C'est pourquoi, en raison de toutes les explications précédemment énoncées, nous regrettons le manque d'ambition du projet de loi C-62. Il s'agit d'un manque d'ambition qui restreint la portée d'un projet de loi qui mérite davantage que ce que les libéraux nous proposent.
Cette déception semble partagée par la présidente nationale de l'Alliance de la fonction publique du Canada. Elle appelait récemment le gouvernement à faire plus que simplement présenter une loi pour corriger celles auxquelles avait recours le gouvernement conservateur pour réduire les droits de négociation des fonctionnaires.
Il est donc impératif de continuer à faire mûrir ce projet de loi. Nous devons aller beaucoup plus loin et exploiter davantage toutes ses potentialités. J'ai bien expliqué quelles seraient les mesures à conserver, les mesures dans lesquelles il faut aller beaucoup plus loin et les mesures carrément oubliées. Il faut vraiment que le gouvernement libéral abroge l'ensemble des mesures conservatrices.

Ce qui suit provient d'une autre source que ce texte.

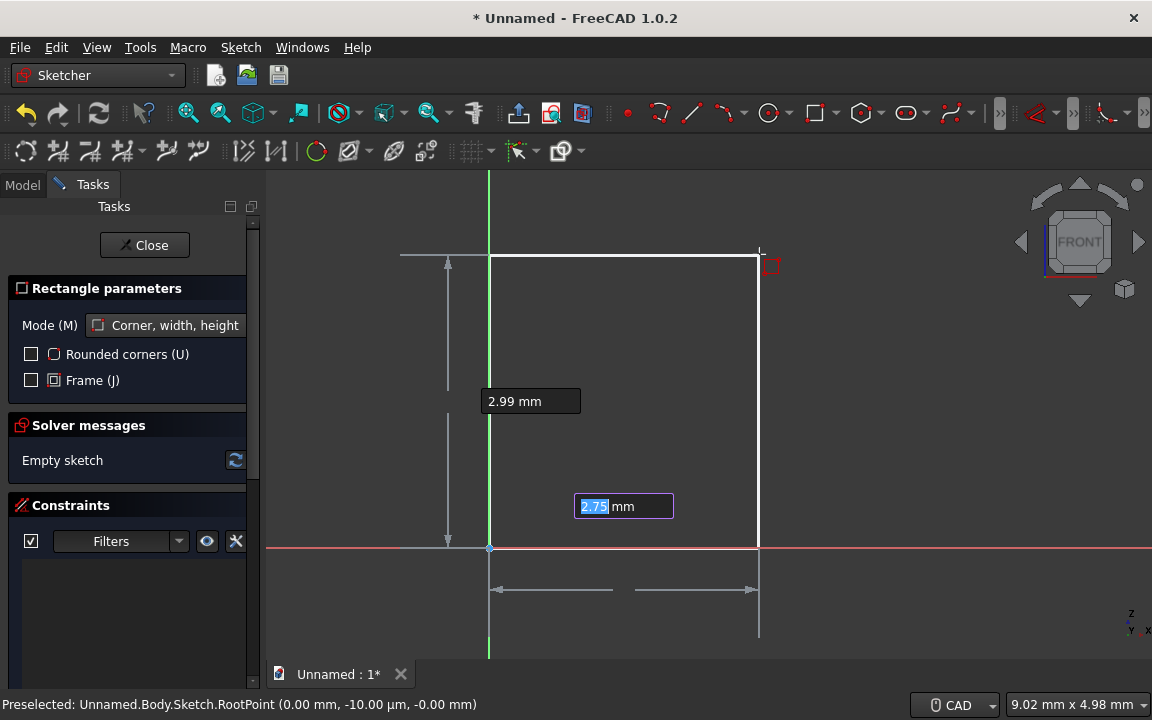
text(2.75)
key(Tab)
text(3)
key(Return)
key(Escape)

Ce matin, j'ai entendu le président du Conseil du Trésor mentionner de très beaux principes. Cependant, si les libéraux veulent être cohérents avec les principes énoncés ce matin, ils doivent abroger l'ensemble des mesures anti-travailleurs que les conservateurs ont mis en avant. Il faut profiter de cette occasion.
On sait que ce projet de loi a été déposé à l'automne 2016, beaucoup de temps s'est donc écoulé depuis. Il y a des attentes monumentales. La fonction publique fédérale est dédiée à rendre service aux citoyens et aux citoyennes. Nous venons de fêter le deuxième anniversaire des problèmes liés au système de paie Phénix. Il faut amener le projet de loi C-62 aussi loin que possible pour nous permettre de régler ces problèmes avec lesquels nous vivons depuis trop longtemps.
Nous avons des amendements à proposer. J'ai fait état des mesures que nous voulons mettre en place. J'espère qu'à la suite de l'adoption du projet de loi C-62, nous aurons l'esprit à la collaboration et que nous pourrons tous dire fièrement: mission accomplie, nous avons permi la mise en place de conditions de travail adéquates aux fonctionnaires de la fonction publique fédérale, des conditions de travail sans inquiétude. J'espère que nous réglerons les inquiétudes liées au système de paie Phénix et que les fonctionnaires auront des conditions de travail qui leur permettront de travailler adéquatement.
On sait que le travail de première ligne est exigeant. C'est le quotidien dans certains ministères. Leurs employés écoutent des citoyens en situation difficile qui appellent pour avoir de l'aide ou pour régler leur dossier. On demande donc un travail très exigeant aux employés de la fonction publique fédérale.
Ici, nous adoptons des projets de loi. Ensuite, il faut les mettre en oeuvre. Nous devons nous assurer que les fonctionnaires sentent que les parlementaires ici, à la Chambre, collaborent pour leur offrir des conditions de travail leur permettant d'accomplir adéquatement le travail.
On a entendu parler de considérations budgétaires. Ce sera toujours un souci pour tous les élus, quel que soit leur palier de gouvernement, de s'assurer de prendre des décisions dans le respect des budgets. Comme je l'ai expliqué, plusieurs mesures ne coûtent rien. On le sait, les employés malades ne sont même pas remplacés; ces congés de maladie ne nous coûtent rien.
Pour cela, nous sommes impatients de collaborer pour parfaire et compléter ce projet de loi qui mettra officiellement fin aux mesures antisyndicales du passé.
Les projets de loi C-5 et C-34 du gouvernement actuel traînent au Feuilleton depuis leur dépôt. Nous avons donc espoir que leur fusion avec le projet de loi C-62 signifie que le gouvernement est enfin prêt à aller de l'avant.
C'est pourquoi je souhaite lancer un appel. Un appel à mettre de côté la partisanerie et à mettre en place une loi infaillible qui protège véritablement les droits de l'ensemble des travailleuses et des travailleurs. Un appel au travail d'équipe et à la collaboration pour faire en sorte que les propositions de modifications, que j'ai ici présentées, puissent être considérées et acceptées.